I saw what you did there.

When I saw the story I was looking forward to someone bringing it up in GQ.

Dropping your phone in those situations has much less risk of ruining the phone. (I for one have never had a device with a screen break from dropping, but have from water damage.) Plus your hands usually aren’t wet in those other scenarios, and so are less slippery.

I’d never dream of using a phone in the tub when I can do something so simple as put it in a ziplock baggie. Or, now that I have one (due to someone dropping my old tablet in a toilet), using my $10 waterproof case. I’ve verified both with paper towels inside.

It just seems prudent to be careful, especially when doing so is quite cheap.

–Unless you mean reaching over and switching the podcast I’m listening to. But I do that with the device hanging outside the tub.

That was my thought.

Dropping the extension cord into the tub would not have resulted in burn marks on her hand. I think the extension cord or the charger was faulty, and had an exposed part at line voltage which she touched.

A shocking story.

You’d think a fully charged smart phone wouldn’t need to be plugged in while you’re soaking in the tub.

Perhaps she tried to catch the cord when it fell.

Not knowing how many decades ago that bathroom was built we can’t say that a GFCI needed to be there at all.
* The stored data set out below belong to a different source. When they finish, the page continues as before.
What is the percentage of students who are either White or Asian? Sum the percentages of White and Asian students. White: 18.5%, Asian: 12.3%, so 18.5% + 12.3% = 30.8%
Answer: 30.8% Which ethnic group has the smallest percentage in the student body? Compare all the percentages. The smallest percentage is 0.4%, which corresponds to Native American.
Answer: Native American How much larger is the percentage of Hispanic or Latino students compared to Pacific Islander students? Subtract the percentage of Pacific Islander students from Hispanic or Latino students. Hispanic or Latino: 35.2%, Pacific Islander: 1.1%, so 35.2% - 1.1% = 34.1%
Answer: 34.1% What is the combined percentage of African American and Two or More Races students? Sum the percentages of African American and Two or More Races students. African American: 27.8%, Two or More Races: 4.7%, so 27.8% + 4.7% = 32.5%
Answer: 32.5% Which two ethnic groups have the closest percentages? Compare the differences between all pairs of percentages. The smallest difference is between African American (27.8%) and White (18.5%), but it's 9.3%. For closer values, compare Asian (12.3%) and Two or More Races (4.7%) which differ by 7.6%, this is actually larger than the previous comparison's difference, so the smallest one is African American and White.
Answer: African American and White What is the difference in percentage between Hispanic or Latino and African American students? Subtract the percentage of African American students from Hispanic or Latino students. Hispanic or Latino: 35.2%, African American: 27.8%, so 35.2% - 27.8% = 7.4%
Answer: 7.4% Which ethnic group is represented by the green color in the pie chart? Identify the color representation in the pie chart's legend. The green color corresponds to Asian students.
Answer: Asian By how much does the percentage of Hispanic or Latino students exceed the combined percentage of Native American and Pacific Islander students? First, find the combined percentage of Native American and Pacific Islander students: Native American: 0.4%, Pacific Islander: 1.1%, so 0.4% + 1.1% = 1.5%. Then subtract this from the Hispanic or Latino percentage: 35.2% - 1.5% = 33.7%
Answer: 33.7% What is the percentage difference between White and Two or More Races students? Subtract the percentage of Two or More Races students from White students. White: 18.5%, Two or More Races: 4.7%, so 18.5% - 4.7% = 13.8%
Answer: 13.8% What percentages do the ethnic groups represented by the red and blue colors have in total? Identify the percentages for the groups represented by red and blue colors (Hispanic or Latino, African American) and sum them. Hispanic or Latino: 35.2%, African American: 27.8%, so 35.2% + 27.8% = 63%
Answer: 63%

US electrical codes are criminally low on retrofit requirements.

Agree that’s all irrelevant if she pulled in an extension cord from another room. But not if she pulled an extension cord from the non-GFCI outlet in the bathroom.
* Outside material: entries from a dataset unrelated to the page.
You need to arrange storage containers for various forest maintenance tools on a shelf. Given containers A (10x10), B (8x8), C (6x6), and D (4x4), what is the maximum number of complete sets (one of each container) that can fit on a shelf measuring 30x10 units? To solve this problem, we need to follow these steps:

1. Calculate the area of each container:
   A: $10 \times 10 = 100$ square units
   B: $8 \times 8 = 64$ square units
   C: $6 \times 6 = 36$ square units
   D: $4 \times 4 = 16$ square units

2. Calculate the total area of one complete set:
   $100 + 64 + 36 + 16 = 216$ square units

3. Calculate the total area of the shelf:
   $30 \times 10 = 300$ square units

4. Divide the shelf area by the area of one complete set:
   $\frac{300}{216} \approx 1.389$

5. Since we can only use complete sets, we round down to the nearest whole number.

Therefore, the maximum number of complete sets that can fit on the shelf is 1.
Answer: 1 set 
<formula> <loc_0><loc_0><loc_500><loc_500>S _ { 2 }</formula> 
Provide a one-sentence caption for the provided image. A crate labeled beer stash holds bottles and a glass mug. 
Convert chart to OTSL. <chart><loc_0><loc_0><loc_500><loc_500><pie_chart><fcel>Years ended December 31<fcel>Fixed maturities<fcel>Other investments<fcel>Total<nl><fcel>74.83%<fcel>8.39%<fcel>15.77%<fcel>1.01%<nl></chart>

Right now we’re at the usual stage of post-morteming almost anything found on the news: other than the fact she’s dead, there’s almost no fact which is truly known versus guessed at or assumed by somebody somewhere along the event chain from participants to witnesses to discoverers to responders to spokesmen to reporters to editors to readers to posters to re-posters to …

It wouldn’t, but many people keep their, even fully charged, phones on the charger, especially while using them so that they’re still fully charged when they’re ready to leave the house. This is especially helpful if you use your phone a lot and/or the battery drains quicker then it should and you don’t like worrying that you won’t get home before that battery is at 0.

Having said all of that, did one of the articles mention that the battery in the phone was fully charged?
The only thing I read was that she and her step mother both regularly used their cell phones in the bathtub, while plugged in. I didn’t see any references state of charge of the phone, but it’s possible I missed that, after one or two articles, they’re all pretty much the same.

Mine doesn’t cost that much, but I’m perfectly capable of doing without my phone for the amount of time it takes me to get in and out of the tub. If I do use it at all, I listen to music with it connected to speakers and sitting on the sink.

I’ve seen Samsung advertise the water-resistant features of its phones but didn’t know until I just searched that the iPhone 7 is also water-resistant. That’s an incentive for me to upgrade my existing iPhone 6 (although I’m waiting for the new model to be released later this year).